Figure out some sort of dust collection for the drill press / table. I have seen plans in Shop Notes for a good articulating dust port for the DP, but I want a 4" port, not a 2.5"
Figure out some sort of dust collection for the router when freehand. I understand that PC 690 accessories fit, I might look that way...
Add 2 extra 4" drops for future expansion for when / if I can afford to add one of those 12" combination jointer / planer machines and dump off my bench top models, and for the in progress build of the wide drum sander. (I have the drum built, but am going back to the drawing board. I am trying to figure out how to make this a cantilevered frame sander and get decent durability out of it, my brain says get my welding buddies to make the frame... 
Build myself a good downdraft box for things like sanding, routing etc... that can't be collected otherwise...


----------



## woodnthings (Jan 24, 2009)

*Sounds well thought out, but*

http://www.grizzly.com/products/3HP-Double-Canister-Dust-Collector/G0562Z

I just received this today $591.00 to my door. Specs are pretty good. 2350 CFM air flow. But as always, I question a cyclone vs a cartridge type filter with a drum/bag underneath. I just got through milling more red oak in the last 2 or 3 days than I ever have in my life filling 
3- 30gal fiber drums 3/4 full. I use the Thien baffle in the metal housing over the drum. There was substantially less dust build up on the filter walls.
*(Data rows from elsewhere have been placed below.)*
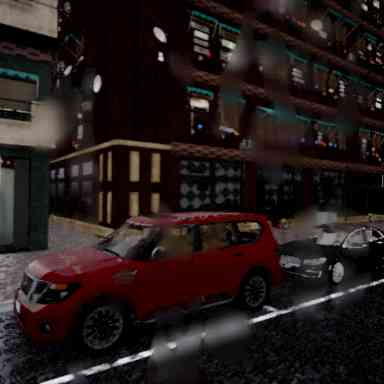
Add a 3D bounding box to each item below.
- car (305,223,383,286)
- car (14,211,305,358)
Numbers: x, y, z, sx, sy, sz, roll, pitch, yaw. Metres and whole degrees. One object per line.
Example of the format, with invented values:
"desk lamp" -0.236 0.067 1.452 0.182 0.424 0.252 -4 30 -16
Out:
"car" 4.171 1.603 9.518 4.403 1.369 2.008 0 0 -35
"car" -0.438 1.334 6.233 5.009 1.841 2.192 0 0 -35
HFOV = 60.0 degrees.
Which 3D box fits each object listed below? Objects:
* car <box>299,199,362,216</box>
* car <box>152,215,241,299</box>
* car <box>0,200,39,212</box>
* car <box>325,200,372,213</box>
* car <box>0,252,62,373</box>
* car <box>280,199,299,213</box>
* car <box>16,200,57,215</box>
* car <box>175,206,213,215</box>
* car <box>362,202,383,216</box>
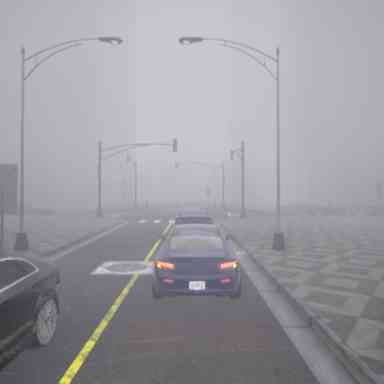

http://www.grizzly.com/products/3-HP-Cyclone-Dust-Collector/G0441
My problem with the cyclones is their CFM is less, 1654 CFM, ($1489.00) and the small drum under is very small. I would be emptying the small drum very frequently. So, I opted for the dual filter 3 HP above. If I can "adapt" the 30 gal fiber drums to this one as I did to me other 1 1/2HP 1100 Jets I will. The drums are easier to carry to the compost pile and can be quickly substituted while work is in progress. I frankly don't see the advantage of the cyclones. Just sayin'  bill


----------



## xphnmn (Dec 7, 2009)

woodnthings said:


> http://www.grizzly.com/products/3HP-Double-Canister-Dust-Collector/G0562Z
> 
> I just received this today $591.00 to my door. Specs are pretty good. 2350 CFM air flow. But as always, I question a cyclone vs a cartridge type filter with a drum/bag underneath. I just got through milling more red oak in the last 23 days than I ever have in my life filling 3 30gal fiber drums 3/4 full. I use the Thien baffle in the metal housing over the drum. There was substantially less dust build up on the filter walls.
> 
> ...


Are Thien baffles planned for both sides?


----------



## woodnthings (Jan 24, 2009)

*Yup*



xphnmn said:


> Are Thien baffles planned for both sides?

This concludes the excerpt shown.